| SooperKanoon Citation | sooperkanoon.com/21315 |
| Court | Customs Excise and Service Tax Appellate Tribunal CESTAT Tamil Nadu |
| Decided On | Mar-08-2001 |
| Reported in | (2001)(76)ECC649 |
| Appellant | K.N. Eswaran |
| Respondent | Commissioner of Customs |
2. Learned Counsel representing the appellant submitted that Shri Eswaran was a jeweller making various ornaments out of silver. In the course of the practice of his profession, he receives silver from various parties, converts them into ornaments and returns them to the principal. He works in the capacity of a job worker in such cases. He also does manufacture of silver ornaments on his own.
3. Ld. Counsel submitted that the entire proceedings were bad in as much as the seizure of the goods were in violation of the guidelines issued by the Central Board of Excise & Customs to field formations under telex F. No. 394/233/880-Cus. (AS), dated 11-6-1990. The Government had directed all field formations that the provisions of Section 123 of the Customs Act, 1962 should not be invoked against persons who are found to be in possession of silver bullion of less than 100 kgs. The exception permitted was in cases where the silver bullion is found to be in the form of bars weighing 30 kgs. (approx.) each, which are being smuggled into the country and also where silver bullion is found to bear foreign markings. Ld. Counsel submitted that in the instant case the weight of individual bars was less than 2 kgs.
and none of them bore any foreign markings. Also proceedings have been confirmed against the appellant by relying on the provisions of Sec.

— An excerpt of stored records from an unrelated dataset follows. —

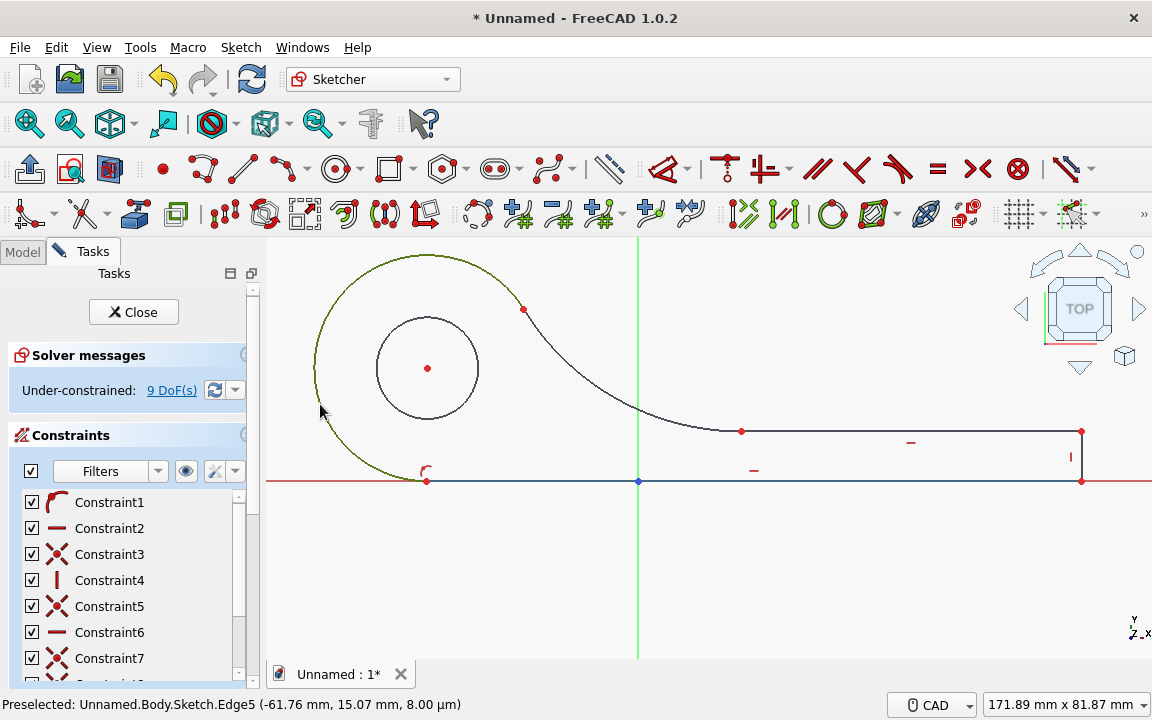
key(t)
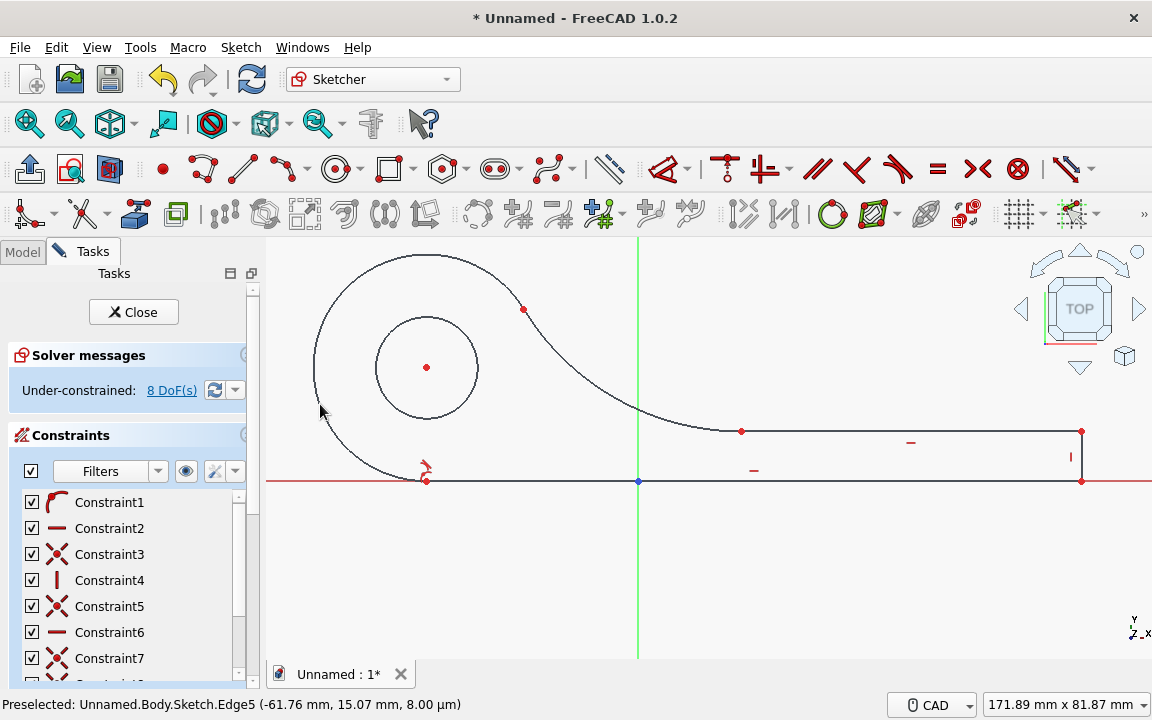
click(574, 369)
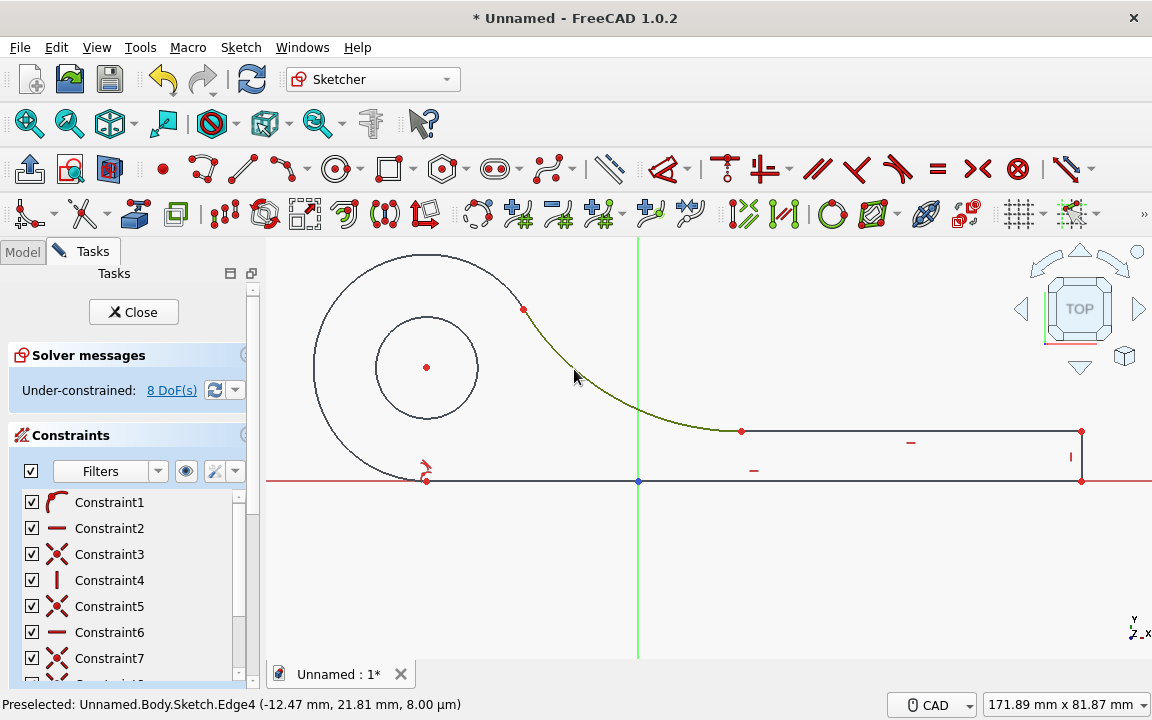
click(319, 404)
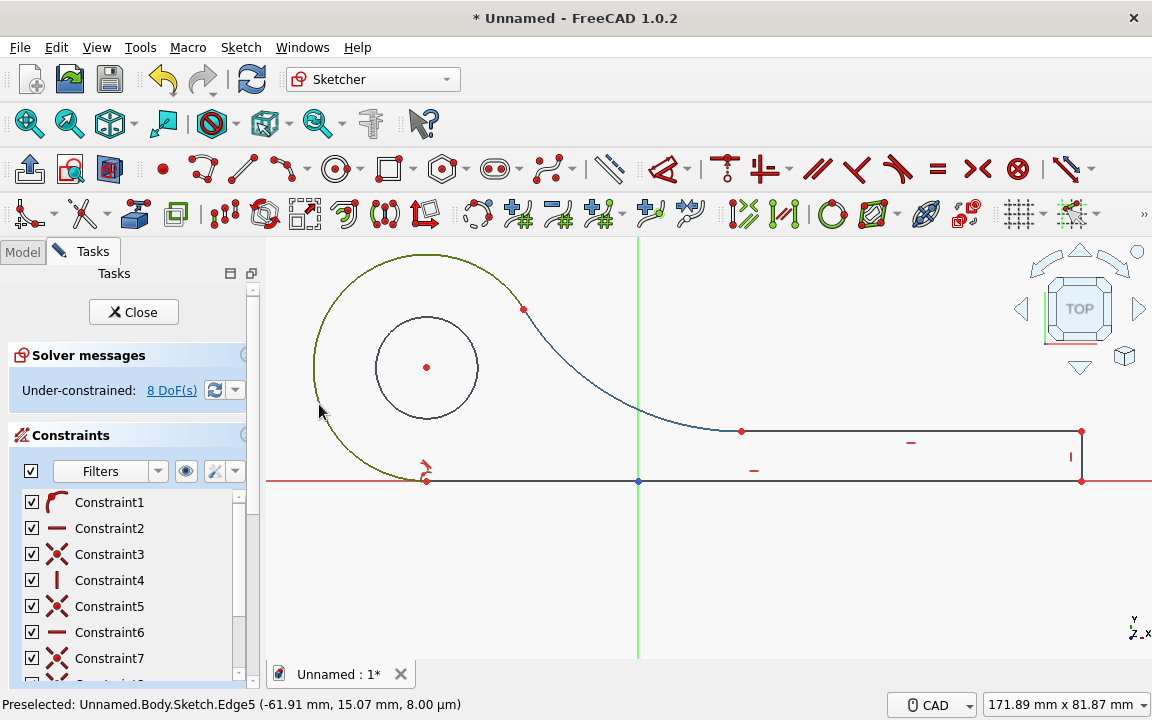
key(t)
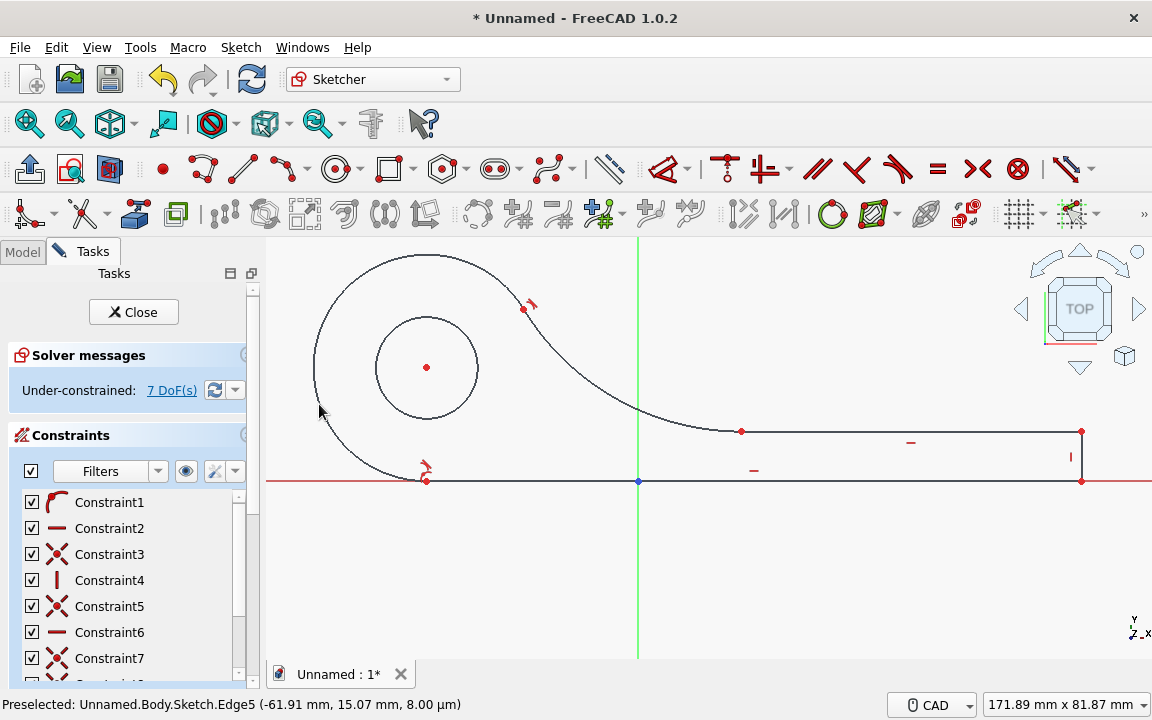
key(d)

123 of the Customs Act. Ld. Counsel stressed that there was no positive evidence whatsoever produced during the adjudication proceedings, which would go to indicate the smuggled nature of the goods. He therefore, submitted that confiscation of the goods and the penalty imposed were entirely unjustified and against the policy of the Government with regard to investigation of cases involving silver. He also took us through the decision of this Tribunal in the case of Shri N.S.Allaudeen v. CC, Tricky reported in 2001 (131) E.L.T. 198 (Tribunal) -2000 (2) ECL 106 wherein in an identical case, the Tribunal set aside the confiscation of the goods inasmuch as the seizure and confiscation were against the guidelines issued by the CBEC under the aforesaid circular. He also drew our attention to the judgment of the High Court of Madras in the case of Salem Shevapet Silver & Katcha Exchange Brokers Association v. Supdt. of Customs Preventive, Salem reported in 1999 (107) E.L.T. 292 (Mad.). Ld. Counsel explained that in the writ petition filed by the Brokers' Association a complaint had been raised that investigations of customs authorities were causing hardship against the small brokers. The Departmental authorities had in their affidavit informed the High Court that circular, dated 11-6-1990 of the Govt. had directed that small consignments of silver should not be subjected to seizure and investigation and those directions were being strictly followed by field formations. Upon that assurance, writ petition was disposed of by the High Court. He stressed that proceedings in the present case are clearly against Revenue's assurance given to the High Court.
4. We have heard Learned SDR also who explained that the impugned order has clearly brought out how the investigation in the present case was fully justified.
5. A perusal of the records of the case makes it clear that there is no positive evidence regarding the smuggled nature of the goods under seizure. They bore no foreign markings and they were not in size of 30 kg. blocks, the common form in which silver is smuggled into the country. The consignment involved was also small weighing less than 69 kgs. and value was less than Rs. 5 lakhs. The confiscation has been made taking resort to Section 123 of the Customs Act.
6. Section 123 contains special provisions in respect of smuggling of specified goods. It shifted burden of proof to the possessor of imported goods. Even though, silver was one such item, the Central Govt. had clearly instructed the Revenue authorities not to invoke those provisions with regard to consignments involving less than 100 kgs., particularly when silver bars do not bear foreign markings or were not in 30 kg. blocks. Thus, the policy of the Govt. was not to take resort to special provisions contained in Section 123 of the Customs Act in respect of small manufacturers and dealers. The circular further stipulated that if in smaller cases investigation was considered essential, the permission of the Asstt. Commissioner should be obtained. The proceedings in the present cases have been taken entirely contrary to the policy on investigation contained in the circular of the Government. Therefore, the seizure and the subsequent confiscation and imposition of penalty have to be held as bad as done by this Tribunal in an identical case of Shri N.S. Allaudeen v. CC, Trichy (supra). Consequently, the appeal succeeds. The impugned order is set aside in its entirety with consequential reher to the appellants. The confiscated goods shall be returned immediately to the appellants. For hearing of the appeal, appellants had made a pre-deposit of Rs. 10,000/- constituting part of the penalty of Rs. 20,000/-. In view of our setting aside the penalty, that amount of pre-deposit shall also be returned to appellants forthwith.